Working data:
↓↓↓
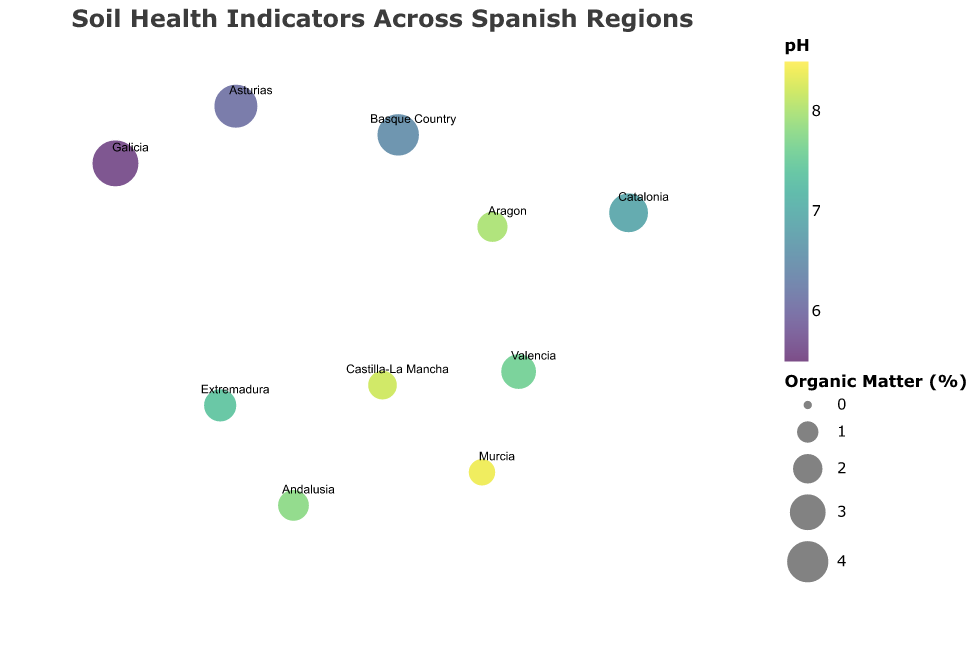What is the region with the highest infiltration rate? The infiltration rate for each region is indicated by the tooltip in the figure. By comparing these values, we find that Galicia has the highest rate.
Answer: Galicia Which region has the lowest microbial biomass? The tooltip in the figure provides microbial biomass values for each region. Comparing these values, Murcia has the lowest microbial biomass of 150 mg/kg.
Answer: Murcia What is the average organic matter percentage across all listed regions? Sum the organic matter percentages for all regions: 2.1 + 3.4 + 4.8 + 1.8 + 3.9 + 2.3 + 2.7 + 2.0 + 4.2 + 1.5 = 28.7. Then divide by the number of regions (10): 28.7 / 10 = 2.87.
Answer: 2.87% Which regions have a pH less than 7? According to the tooltip values, the regions with a pH less than 7 are Catalonia, Galicia, and the Basque Country.
Answer: Catalonia, Galicia, Basque Country Compare the earthworm count between Andalusia and Galicia. Which has more? The tooltip indicates that Andalusia has 18 earthworms per square meter, whereas Galicia has 45. Therefore, Galicia has more earthworms.
Answer: Galicia What is the median infiltration rate for all the regions? List the infiltration rates in ascending order: 7, 10, 13, 15, 18, 22, 28, 32, 35, 40. The median value (middle value in an ordered list) is the average of the 5th and 6th values: (18 + 22) / 2 = 20.
Answer: 20 mm/hr How does the microbial biomass in Asturias compare to that in Murcia? The tooltip shows Asturias with a microbial biomass of 380 mg/kg and Murcia with 150 mg/kg. Asturias has more microbial biomass.
Answer: Asturias Which region has the highest organic matter content? The tooltip indicates the organic matter percentage for each region. Galicia has the highest organic matter at 4.8%.
Answer: Galicia Are there any regions with a pH over 8.0? According to the tooltip, Castilla-La Mancha and Murcia have a pH over 8.0.
Answer: Castilla-La Mancha, Murcia Which regions have both high organic matter and high microbial biomass? High organic matter and microbial biomass can be considered above the median value for these indicators. Galicia and Asturias both have high levels in both categories.
Answer: Galicia, Asturias 
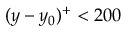<formula> <loc_0><loc_0><loc_500><loc_500>( y - y _ { 0 } ) ^ { + } < 2 0 0</formula> 
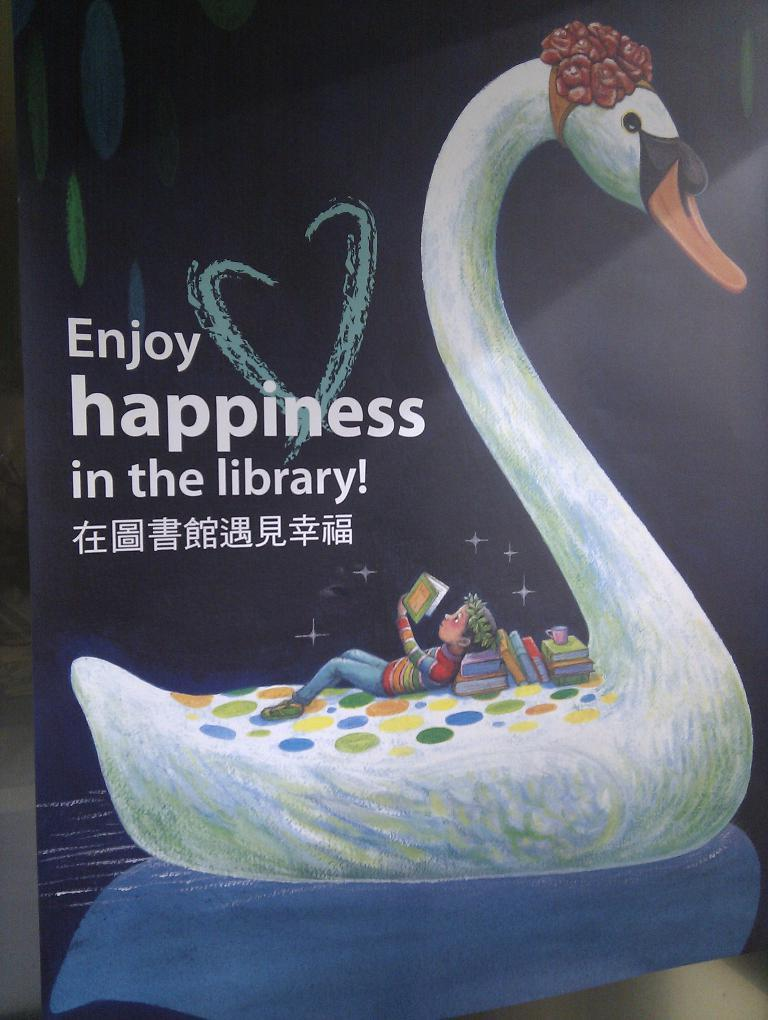Who is the main subject in the picture? There is a boy in the picture. What is the boy doing in the picture? The boy is lying on a swan and reading books. Are there any other books visible in the picture? Yes, there are additional books in the picture. Can you describe the cover page of a book that is visible in the image? There is a cover page of a book visible in the image. What type of berry is the boy holding in the picture? There is no berry present in the image; the boy is reading books while lying on a swan. 
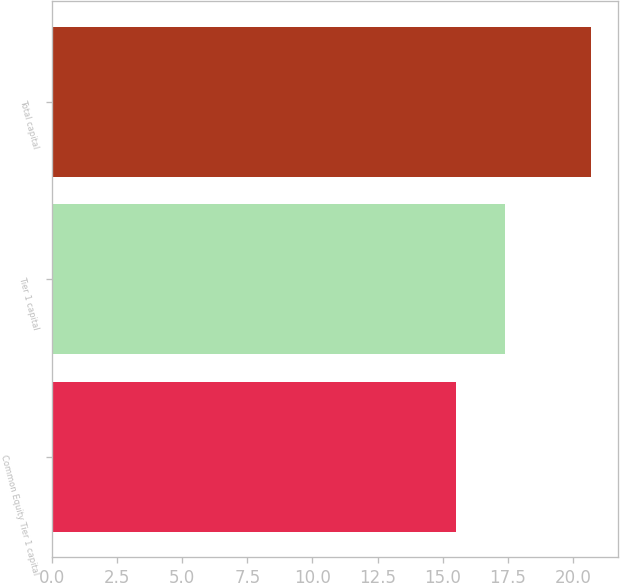<chart> <loc_0><loc_0><loc_500><loc_500><bar_chart><fcel>Common Equity Tier 1 capital<fcel>Tier 1 capital<fcel>Total capital<nl><fcel>15.5<fcel>17.4<fcel>20.7<nl></chart>
↑↑↑
Instructions for the task:
Give the data above back unchanged, except for the pictures.

Solution for this task:
What is the region with the highest infiltration rate? The infiltration rate for each region is indicated by the tooltip in the figure. By comparing these values, we find that Galicia has the highest rate.
Answer: Galicia Which region has the lowest microbial biomass? The tooltip in the figure provides microbial biomass values for each region. Comparing these values, Murcia has the lowest microbial biomass of 150 mg/kg.
Answer: Murcia What is the average organic matter percentage across all listed regions? Sum the organic matter percentages for all regions: 2.1 + 3.4 + 4.8 + 1.8 + 3.9 + 2.3 + 2.7 + 2.0 + 4.2 + 1.5 = 28.7. Then divide by the number of regions (10): 28.7 / 10 = 2.87.
Answer: 2.87% Which regions have a pH less than 7? According to the tooltip values, the regions with a pH less than 7 are Catalonia, Galicia, and the Basque Country.
Answer: Catalonia, Galicia, Basque Country Compare the earthworm count between Andalusia and Galicia. Which has more? The tooltip indicates that Andalusia has 18 earthworms per square meter, whereas Galicia has 45. Therefore, Galicia has more earthworms.
Answer: Galicia What is the median infiltration rate for all the regions? List the infiltration rates in ascending order: 7, 10, 13, 15, 18, 22, 28, 32, 35, 40. The median value (middle value in an ordered list) is the average of the 5th and 6th values: (18 + 22) / 2 = 20.
Answer: 20 mm/hr How does the microbial biomass in Asturias compare to that in Murcia? The tooltip shows Asturias with a microbial biomass of 380 mg/kg and Murcia with 150 mg/kg. Asturias has more microbial biomass.
Answer: Asturias Which region has the highest organic matter content? The tooltip indicates the organic matter percentage for each region. Galicia has the highest organic matter at 4.8%.
Answer: Galicia Are there any regions with a pH over 8.0? According to the tooltip, Castilla-La Mancha and Murcia have a pH over 8.0.
Answer: Castilla-La Mancha, Murcia Which regions have both high organic matter and high microbial biomass? High organic matter and microbial biomass can be considered above the median value for these indicators. Galicia and Asturias both have high levels in both categories.
Answer: Galicia, Asturias 
<formula> <loc_0><loc_0><loc_500><loc_500>( y - y _ { 0 } ) ^ { + } < 2 0 0</formula> 
Who is the main subject in the picture? There is a boy in the picture. What is the boy doing in the picture? The boy is lying on a swan and reading books. Are there any other books visible in the picture? Yes, there are additional books in the picture. Can you describe the cover page of a book that is visible in the image? There is a cover page of a book visible in the image. What type of berry is the boy holding in the picture? There is no berry present in the image; the boy is reading books while lying on a swan. 
<chart> <loc_0><loc_0><loc_500><loc_500><bar_chart><fcel>Common Equity Tier 1 capital<fcel>Tier 1 capital<fcel>Total capital<nl><fcel>15.5<fcel>17.4<fcel>20.7<nl></chart>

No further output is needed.